Only the lines below starting at the one that contains "11. dragon fruit" and ending at the one that contains "15. hot dog (318,362,378,397)" are to be reproduced, exactly and with both ends kept.
════
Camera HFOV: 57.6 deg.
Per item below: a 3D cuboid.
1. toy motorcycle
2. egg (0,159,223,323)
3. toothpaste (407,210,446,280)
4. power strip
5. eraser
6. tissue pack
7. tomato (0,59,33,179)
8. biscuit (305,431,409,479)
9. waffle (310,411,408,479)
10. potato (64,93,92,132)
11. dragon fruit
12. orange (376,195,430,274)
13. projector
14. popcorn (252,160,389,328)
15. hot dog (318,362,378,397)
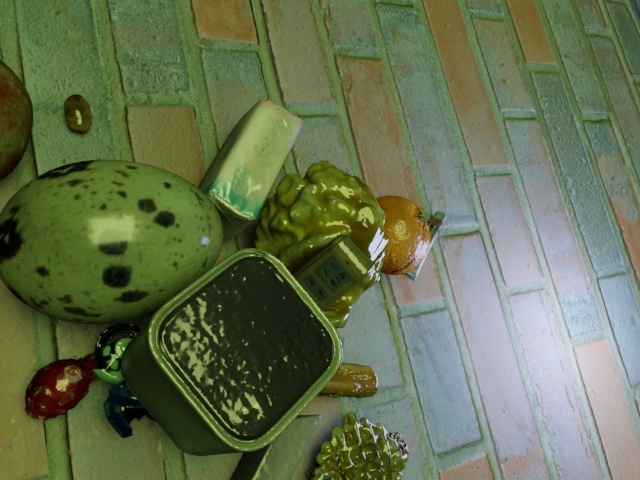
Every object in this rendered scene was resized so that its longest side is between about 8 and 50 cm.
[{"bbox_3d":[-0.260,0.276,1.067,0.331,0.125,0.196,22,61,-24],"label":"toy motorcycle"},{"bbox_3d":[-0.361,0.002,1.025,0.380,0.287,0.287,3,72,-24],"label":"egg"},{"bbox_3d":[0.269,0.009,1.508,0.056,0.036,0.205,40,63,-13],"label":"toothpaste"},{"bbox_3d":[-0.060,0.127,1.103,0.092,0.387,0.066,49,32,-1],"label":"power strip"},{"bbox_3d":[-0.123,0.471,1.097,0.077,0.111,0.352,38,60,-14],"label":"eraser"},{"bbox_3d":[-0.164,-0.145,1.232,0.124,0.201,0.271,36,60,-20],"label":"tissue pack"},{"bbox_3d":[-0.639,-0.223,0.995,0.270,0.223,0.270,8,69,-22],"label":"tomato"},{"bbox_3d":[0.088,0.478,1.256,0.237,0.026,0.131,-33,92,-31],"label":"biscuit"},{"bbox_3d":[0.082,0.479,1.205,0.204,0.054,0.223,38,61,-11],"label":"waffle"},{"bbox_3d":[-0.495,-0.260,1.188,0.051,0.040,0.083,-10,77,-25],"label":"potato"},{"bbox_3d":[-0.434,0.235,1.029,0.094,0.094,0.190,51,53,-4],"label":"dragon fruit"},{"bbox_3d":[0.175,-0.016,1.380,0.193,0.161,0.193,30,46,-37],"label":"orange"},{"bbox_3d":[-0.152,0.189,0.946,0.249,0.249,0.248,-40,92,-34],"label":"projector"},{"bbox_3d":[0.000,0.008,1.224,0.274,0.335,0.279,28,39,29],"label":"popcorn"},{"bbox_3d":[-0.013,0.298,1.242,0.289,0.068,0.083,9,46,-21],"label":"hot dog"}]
════
» Solution below
11. dragon fruit
12. orange (376,195,430,274)
13. projector
14. popcorn (252,160,389,328)
15. hot dog (318,362,378,397)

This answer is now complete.